• _Data to examine_:
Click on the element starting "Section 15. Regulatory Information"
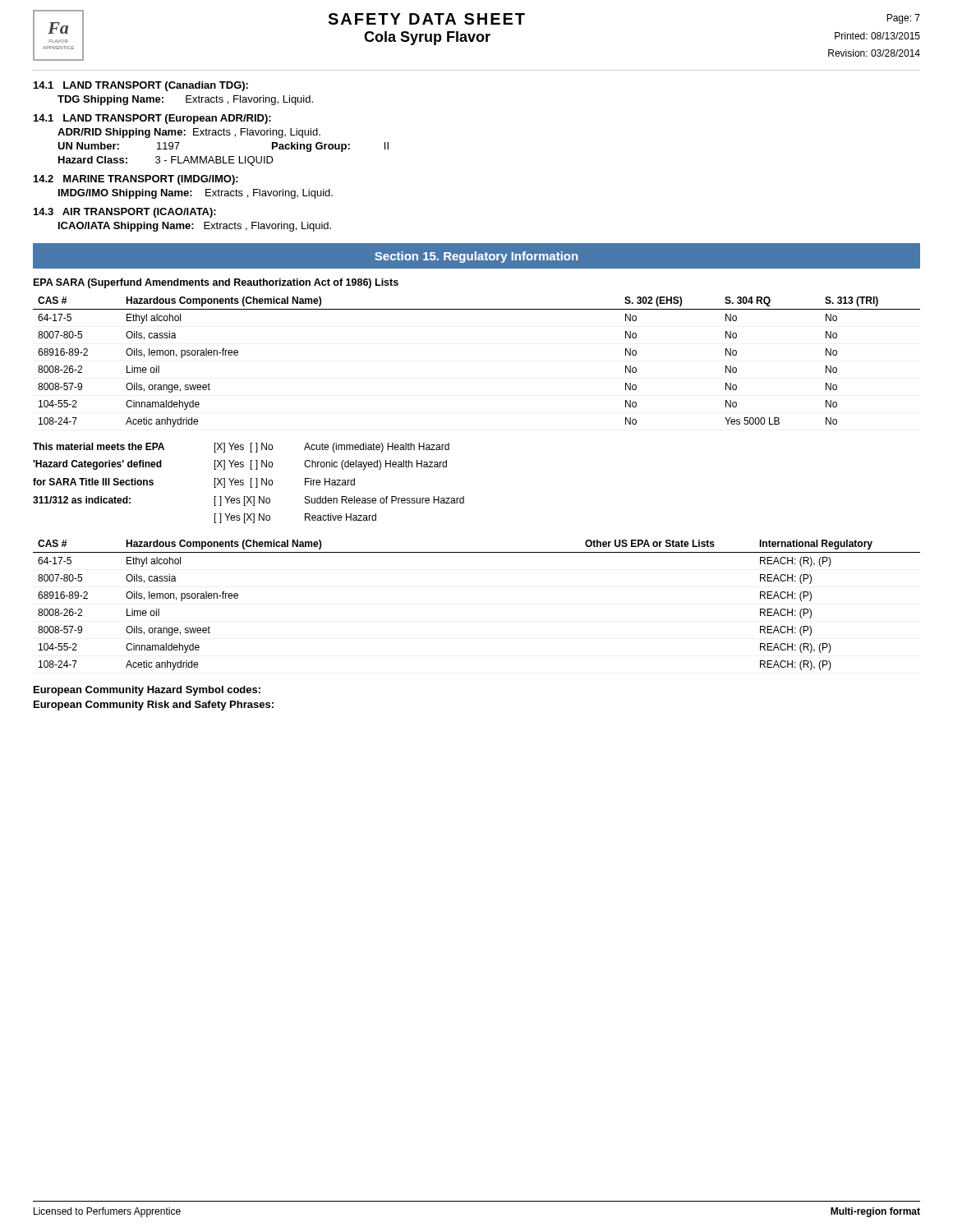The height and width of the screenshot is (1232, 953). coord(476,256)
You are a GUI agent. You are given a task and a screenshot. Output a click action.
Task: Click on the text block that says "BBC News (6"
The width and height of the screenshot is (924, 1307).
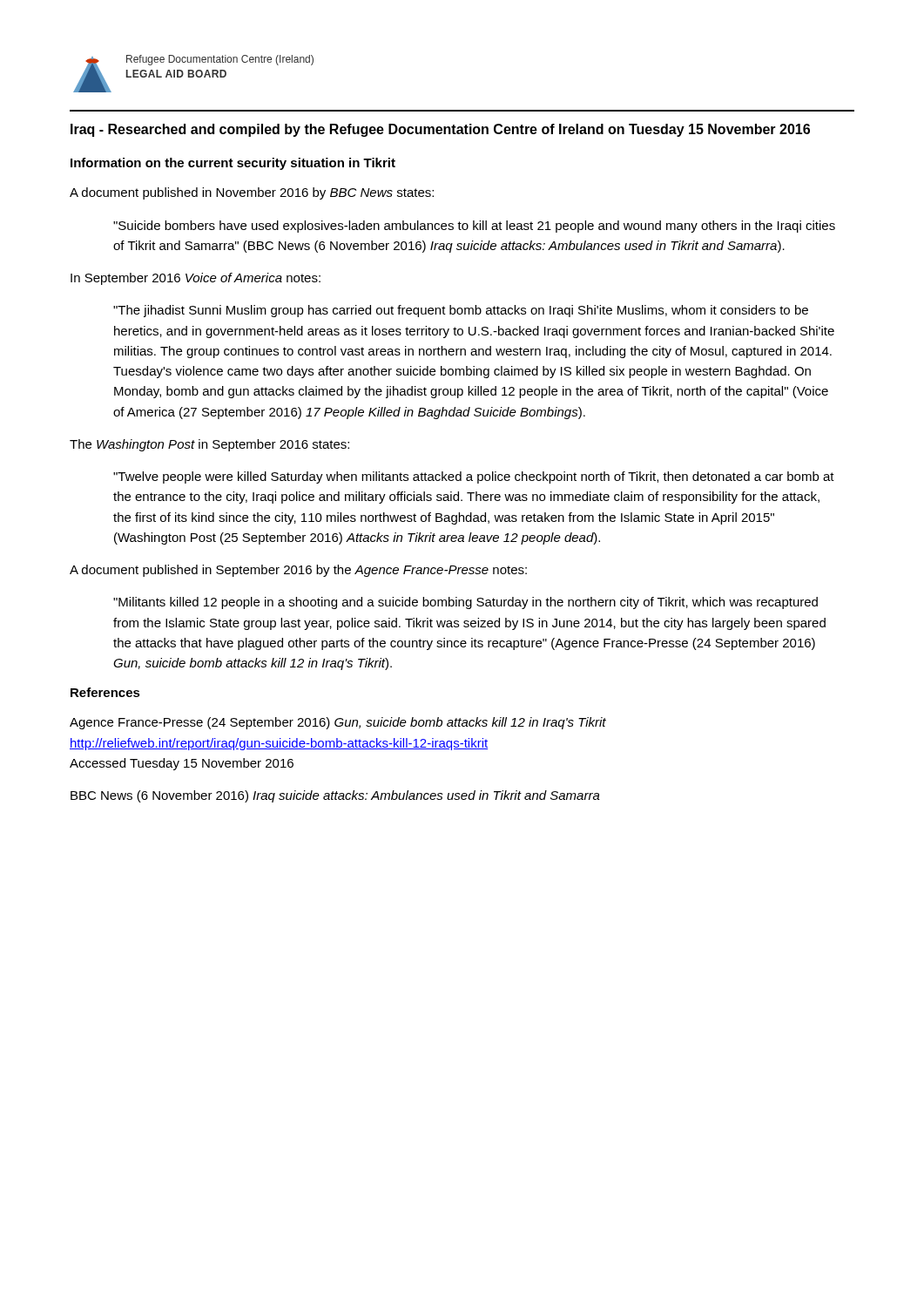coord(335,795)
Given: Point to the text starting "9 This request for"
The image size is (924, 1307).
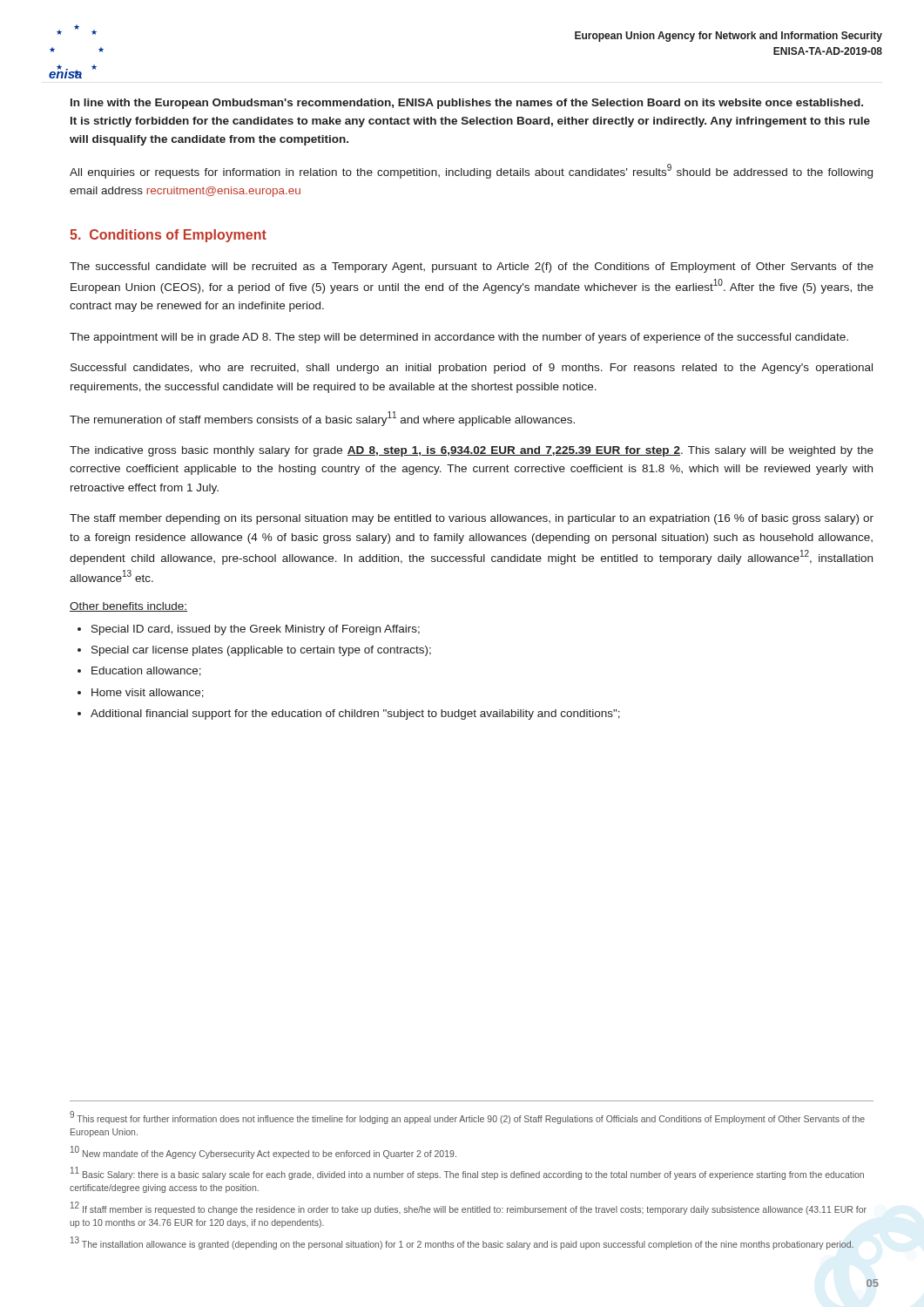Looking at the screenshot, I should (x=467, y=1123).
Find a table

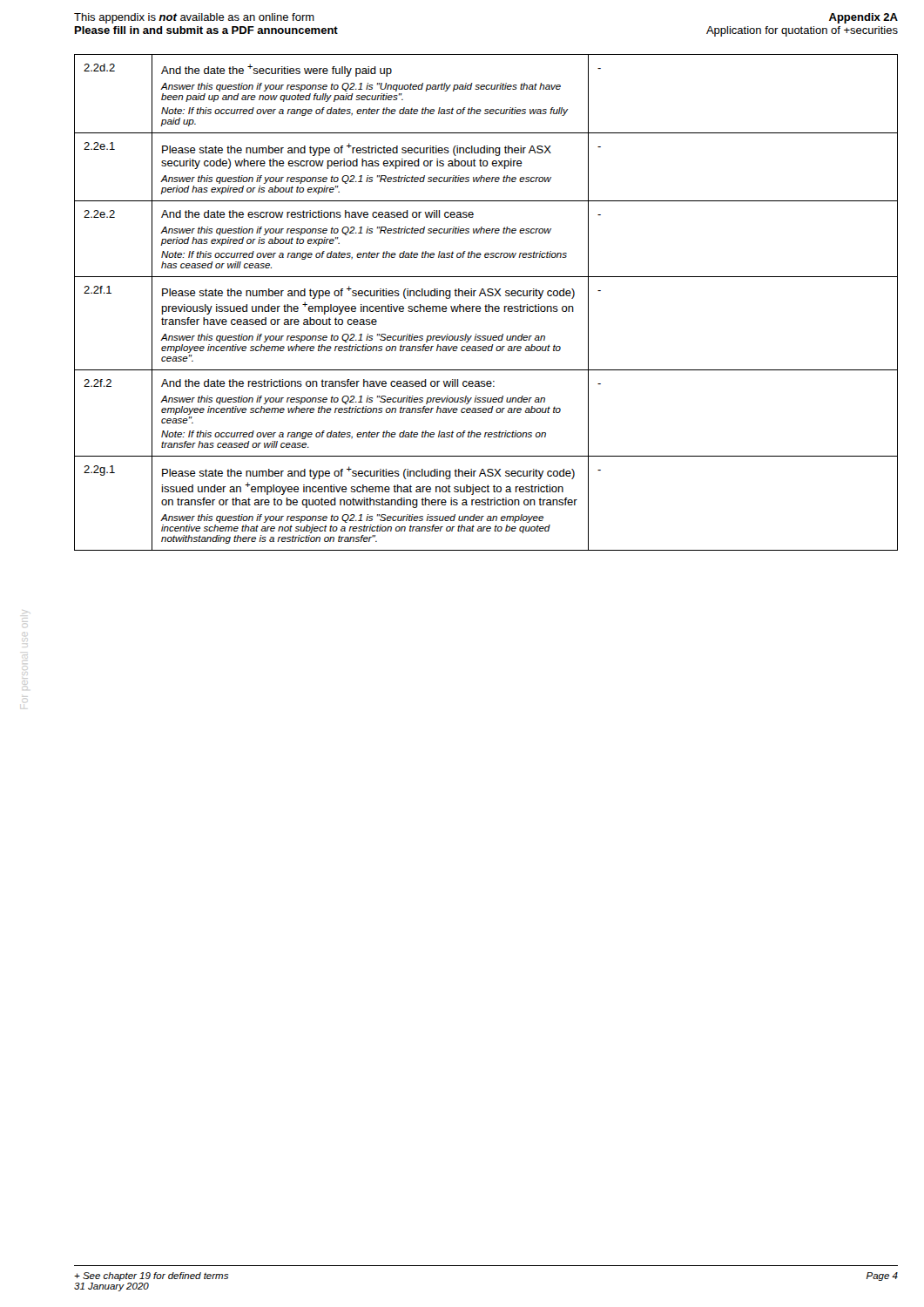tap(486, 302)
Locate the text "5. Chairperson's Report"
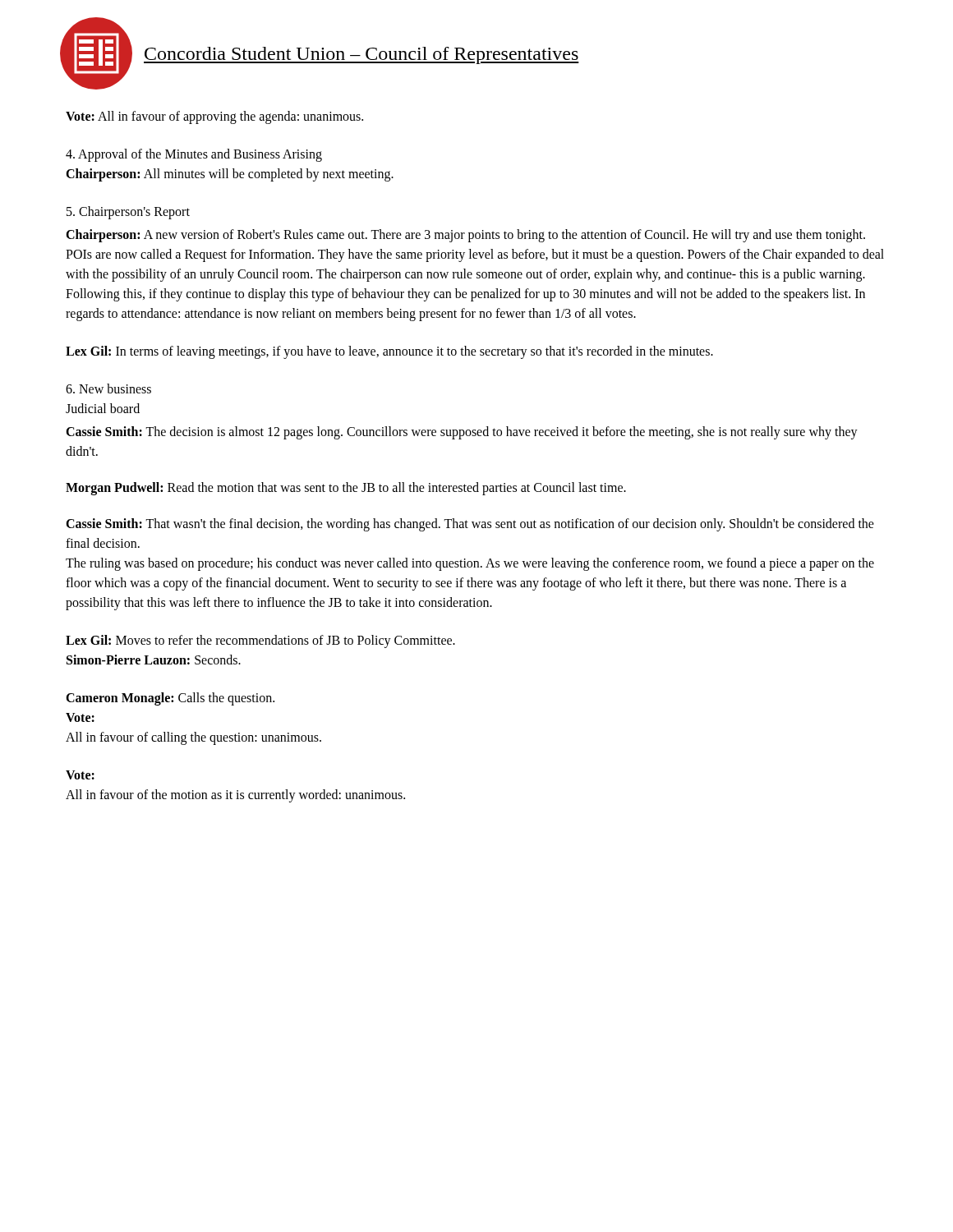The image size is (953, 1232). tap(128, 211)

• _Work required_: Give back, word for word, the lines from the one containing "Given: Point to" through the last line of the listing above; include both ends and exclude the pictures.

• _Task result_:
Given: Point to the text starting "9 This request for"
The image size is (924, 1307).
Looking at the screenshot, I should (x=467, y=1123).
Find a table

tap(486, 302)
Locate the text "5. Chairperson's Report"
The image size is (953, 1232). tap(128, 211)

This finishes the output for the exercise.